== Problem ==
Extract, unchanged, each line of the listing below from its first line through the line that contains "- car <box>166,543,368,666</box>", inclusive, and nothing else.

== Data for review ==
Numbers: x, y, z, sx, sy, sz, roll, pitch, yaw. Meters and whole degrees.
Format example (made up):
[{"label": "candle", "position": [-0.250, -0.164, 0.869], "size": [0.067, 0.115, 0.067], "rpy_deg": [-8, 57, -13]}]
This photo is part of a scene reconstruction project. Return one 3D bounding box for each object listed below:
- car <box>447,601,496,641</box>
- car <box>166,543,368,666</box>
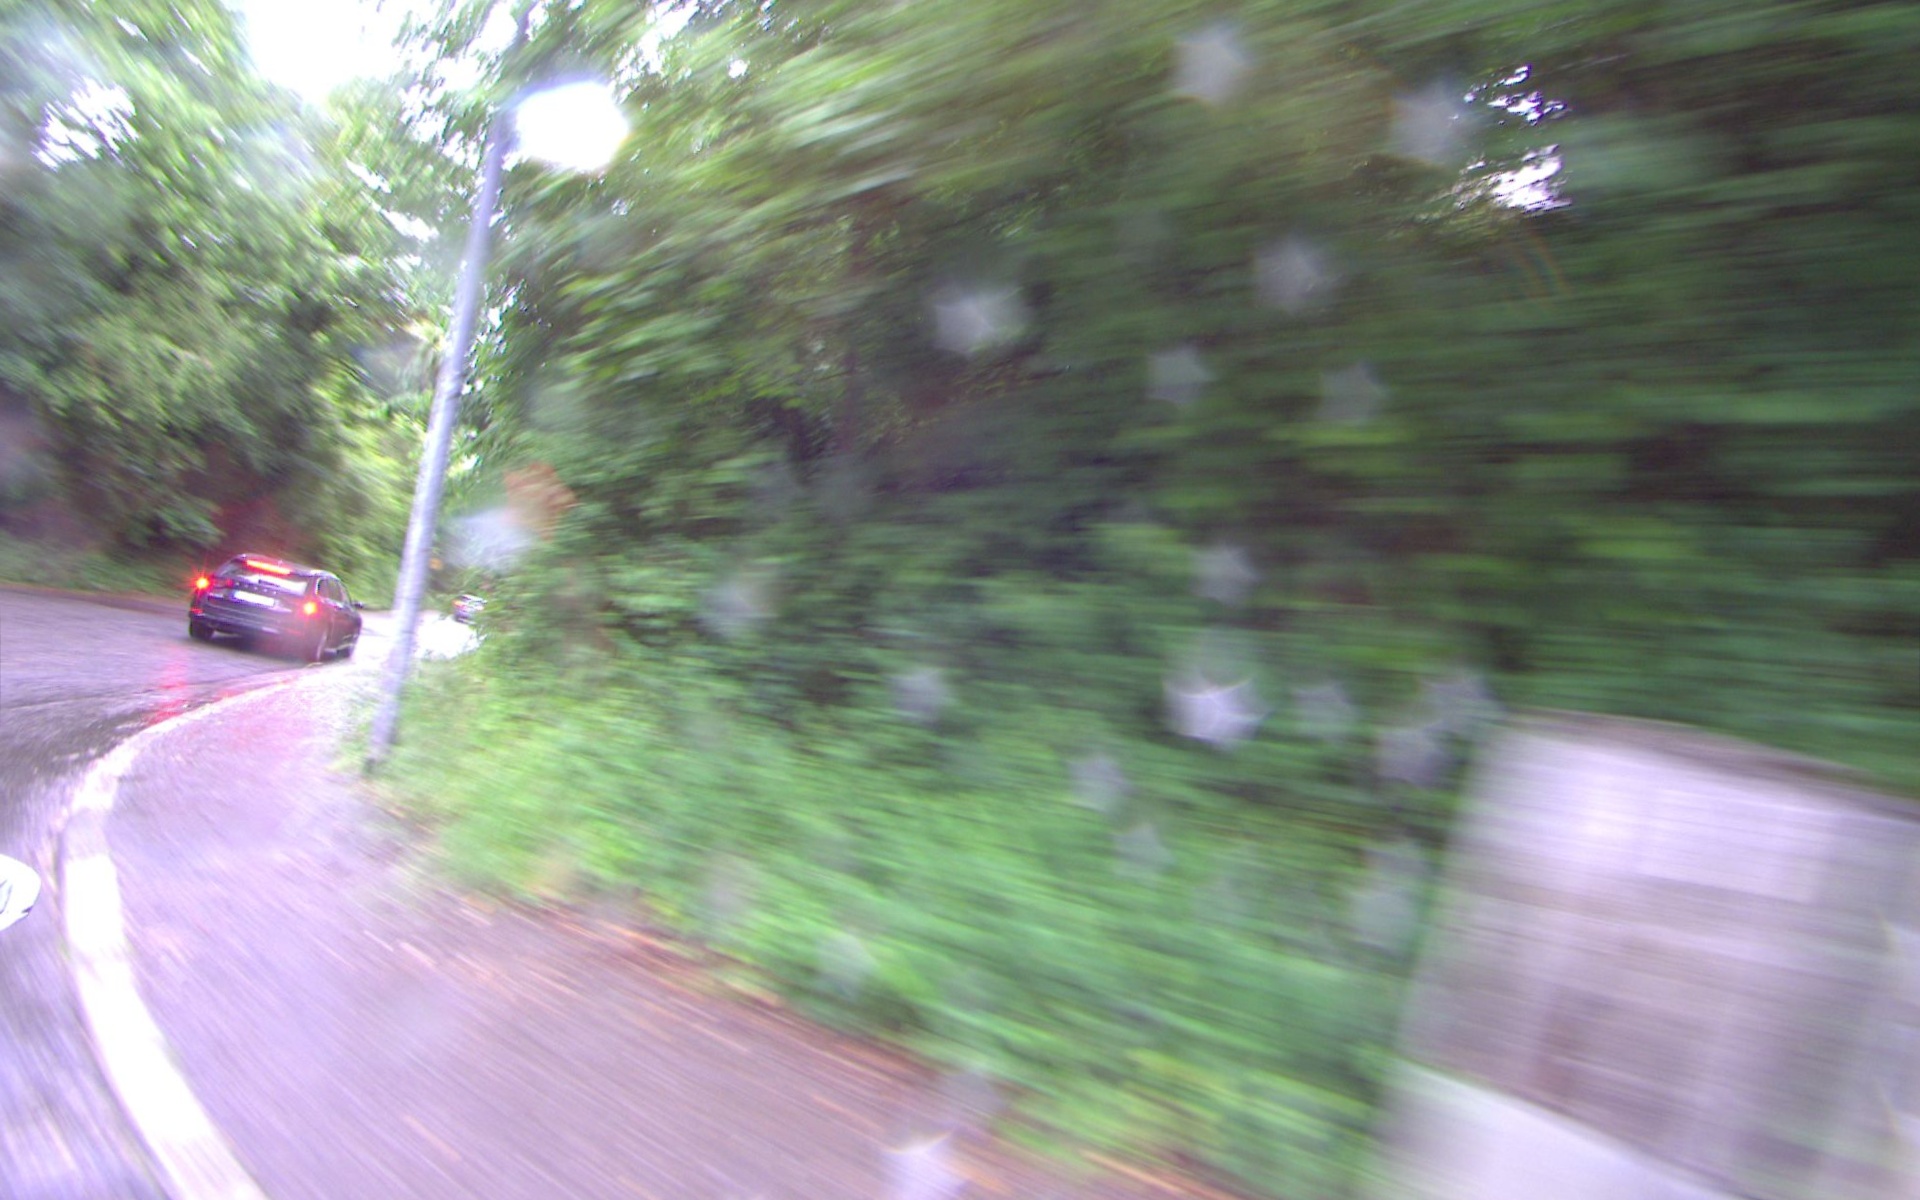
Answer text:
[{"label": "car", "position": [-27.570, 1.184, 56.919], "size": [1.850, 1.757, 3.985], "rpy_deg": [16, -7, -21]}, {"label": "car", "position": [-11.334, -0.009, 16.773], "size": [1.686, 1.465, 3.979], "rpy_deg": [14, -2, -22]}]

== Expected answer ==
Numbers: x, y, z, sx, sy, sz, roll, pitch, yaw. Meters and whole degrees.
Format example (made up):
[{"label": "candle", "position": [-0.250, -0.164, 0.869], "size": [0.067, 0.115, 0.067], "rpy_deg": [-8, 57, -13]}]
This photo is part of a scene reconstruction project. Return one 3D bounding box for each object listed below:
- car <box>447,601,496,641</box>
- car <box>166,543,368,666</box>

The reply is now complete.